▶ _AIM OF THE TASK_
Could you reproduce every record below exactly, excluding all pictures?

▶ _PROVIDED DATA_
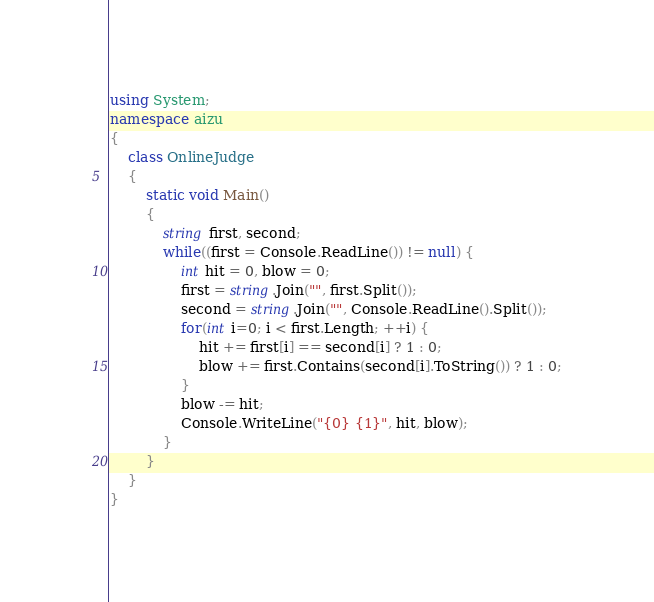<code> <loc_0><loc_0><loc_500><loc_500><_C#_>using System;
namespace aizu
{
    class OnlineJudge
    {
        static void Main()
        {
            string first, second;
            while((first = Console.ReadLine()) != null) {
                int hit = 0, blow = 0;
                first = string.Join("", first.Split());
                second = string.Join("", Console.ReadLine().Split());
                for(int i=0; i < first.Length; ++i) {
                    hit += first[i] == second[i] ? 1 : 0;
                    blow += first.Contains(second[i].ToString()) ? 1 : 0;
                }
                blow -= hit;
                Console.WriteLine("{0} {1}", hit, blow);
            }
        }
    }
}</code> 
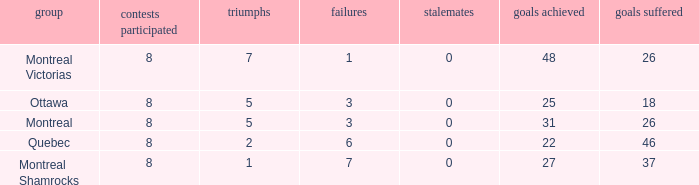For teams with 7 wins, what is the number of goals against? 26.0. Could you parse the entire table? {'header': ['group', 'contests participated', 'triumphs', 'failures', 'stalemates', 'goals achieved', 'goals suffered'], 'rows': [['Montreal Victorias', '8', '7', '1', '0', '48', '26'], ['Ottawa', '8', '5', '3', '0', '25', '18'], ['Montreal', '8', '5', '3', '0', '31', '26'], ['Quebec', '8', '2', '6', '0', '22', '46'], ['Montreal Shamrocks', '8', '1', '7', '0', '27', '37']]} 
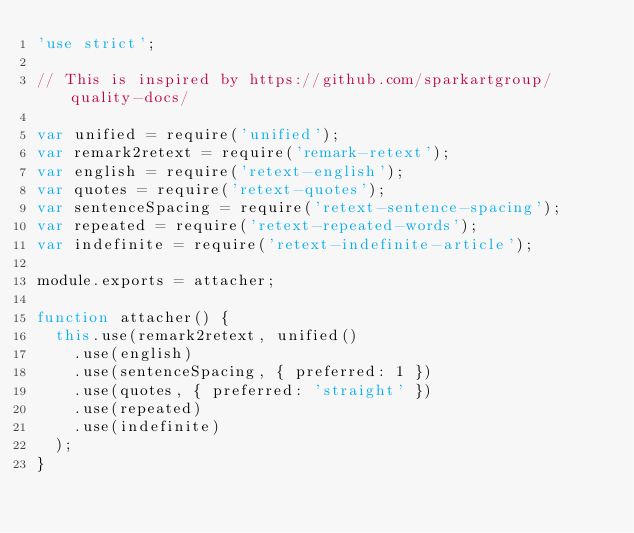<code> <loc_0><loc_0><loc_500><loc_500><_JavaScript_>'use strict';

// This is inspired by https://github.com/sparkartgroup/quality-docs/

var unified = require('unified');
var remark2retext = require('remark-retext');
var english = require('retext-english');
var quotes = require('retext-quotes');
var sentenceSpacing = require('retext-sentence-spacing');
var repeated = require('retext-repeated-words');
var indefinite = require('retext-indefinite-article');

module.exports = attacher;

function attacher() {
  this.use(remark2retext, unified()
    .use(english)
    .use(sentenceSpacing, { preferred: 1 })
    .use(quotes, { preferred: 'straight' })
    .use(repeated)
    .use(indefinite)
  );
}
</code> 
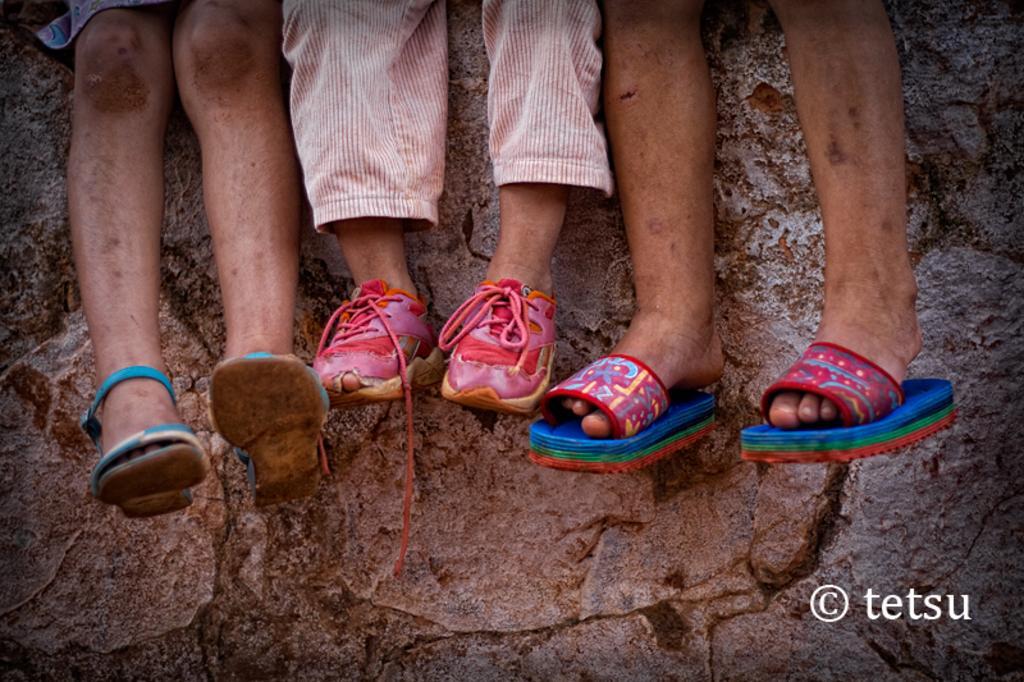In one or two sentences, can you explain what this image depicts? In this picture I can see few human legs, I can see footwear and looks like a rock in the background and text at the bottom right corner of the picture. 
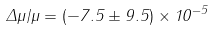Convert formula to latex. <formula><loc_0><loc_0><loc_500><loc_500>\Delta \mu / \mu = ( - 7 . 5 \pm 9 . 5 ) \times 1 0 ^ { - 5 }</formula> 
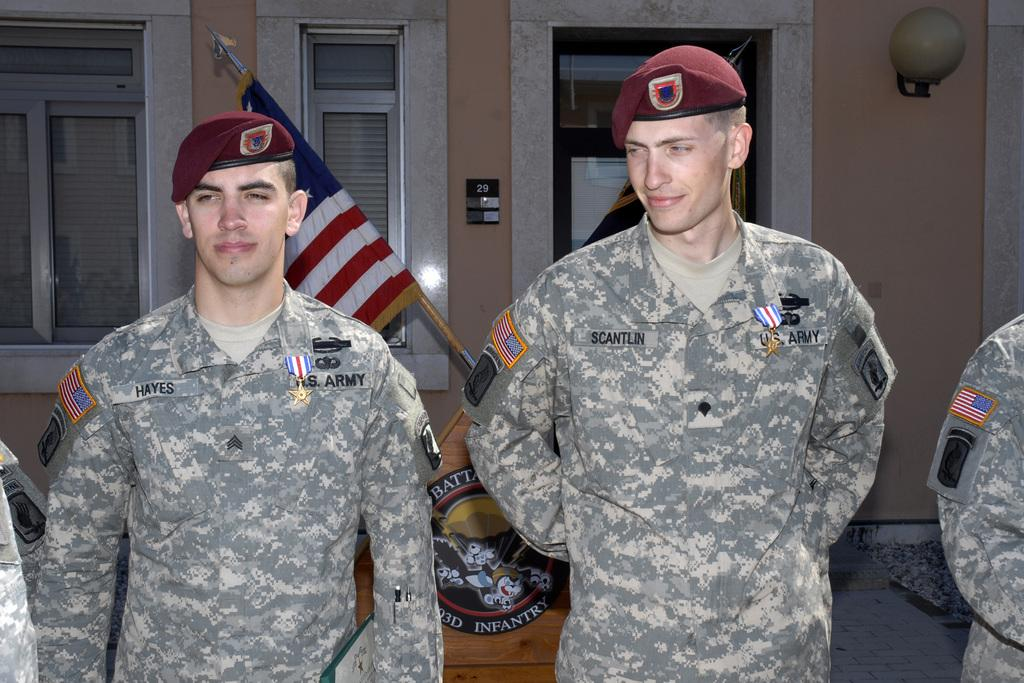<image>
Write a terse but informative summary of the picture. Military men standing in front of a podium with uniforms that state Army. 
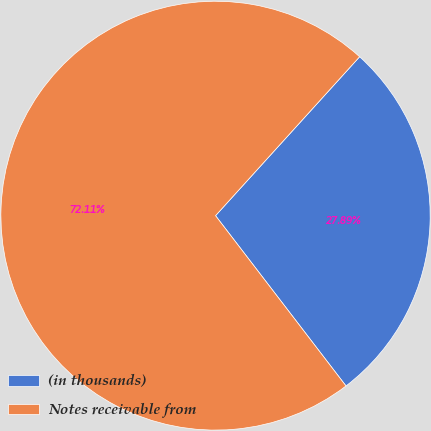Convert chart to OTSL. <chart><loc_0><loc_0><loc_500><loc_500><pie_chart><fcel>(in thousands)<fcel>Notes receivable from<nl><fcel>27.89%<fcel>72.11%<nl></chart>

▶ _ANSWER TO THIS PROBLEM_
<code> <loc_0><loc_0><loc_500><loc_500><_C#_>using System;
namespace aizu
{
    class OnlineJudge
    {
        static void Main()
        {
            string first, second;
            while((first = Console.ReadLine()) != null) {
                int hit = 0, blow = 0;
                first = string.Join("", first.Split());
                second = string.Join("", Console.ReadLine().Split());
                for(int i=0; i < first.Length; ++i) {
                    hit += first[i] == second[i] ? 1 : 0;
                    blow += first.Contains(second[i].ToString()) ? 1 : 0;
                }
                blow -= hit;
                Console.WriteLine("{0} {1}", hit, blow);
            }
        }
    }
}</code> 
For teams with 7 wins, what is the number of goals against? 26.0. Could you parse the entire table? {'header': ['group', 'contests participated', 'triumphs', 'failures', 'stalemates', 'goals achieved', 'goals suffered'], 'rows': [['Montreal Victorias', '8', '7', '1', '0', '48', '26'], ['Ottawa', '8', '5', '3', '0', '25', '18'], ['Montreal', '8', '5', '3', '0', '31', '26'], ['Quebec', '8', '2', '6', '0', '22', '46'], ['Montreal Shamrocks', '8', '1', '7', '0', '27', '37']]} 
<code> <loc_0><loc_0><loc_500><loc_500><_JavaScript_>'use strict';

// This is inspired by https://github.com/sparkartgroup/quality-docs/

var unified = require('unified');
var remark2retext = require('remark-retext');
var english = require('retext-english');
var quotes = require('retext-quotes');
var sentenceSpacing = require('retext-sentence-spacing');
var repeated = require('retext-repeated-words');
var indefinite = require('retext-indefinite-article');

module.exports = attacher;

function attacher() {
  this.use(remark2retext, unified()
    .use(english)
    .use(sentenceSpacing, { preferred: 1 })
    .use(quotes, { preferred: 'straight' })
    .use(repeated)
    .use(indefinite)
  );
}
</code> 
In one or two sentences, can you explain what this image depicts? In this picture I can see few human legs, I can see footwear and looks like a rock in the background and text at the bottom right corner of the picture. 
Convert formula to latex. <formula><loc_0><loc_0><loc_500><loc_500>\Delta \mu / \mu = ( - 7 . 5 \pm 9 . 5 ) \times 1 0 ^ { - 5 }</formula> 
<image>
Write a terse but informative summary of the picture. Military men standing in front of a podium with uniforms that state Army. 
Convert chart to OTSL. <chart><loc_0><loc_0><loc_500><loc_500><pie_chart><fcel>(in thousands)<fcel>Notes receivable from<nl><fcel>27.89%<fcel>72.11%<nl></chart>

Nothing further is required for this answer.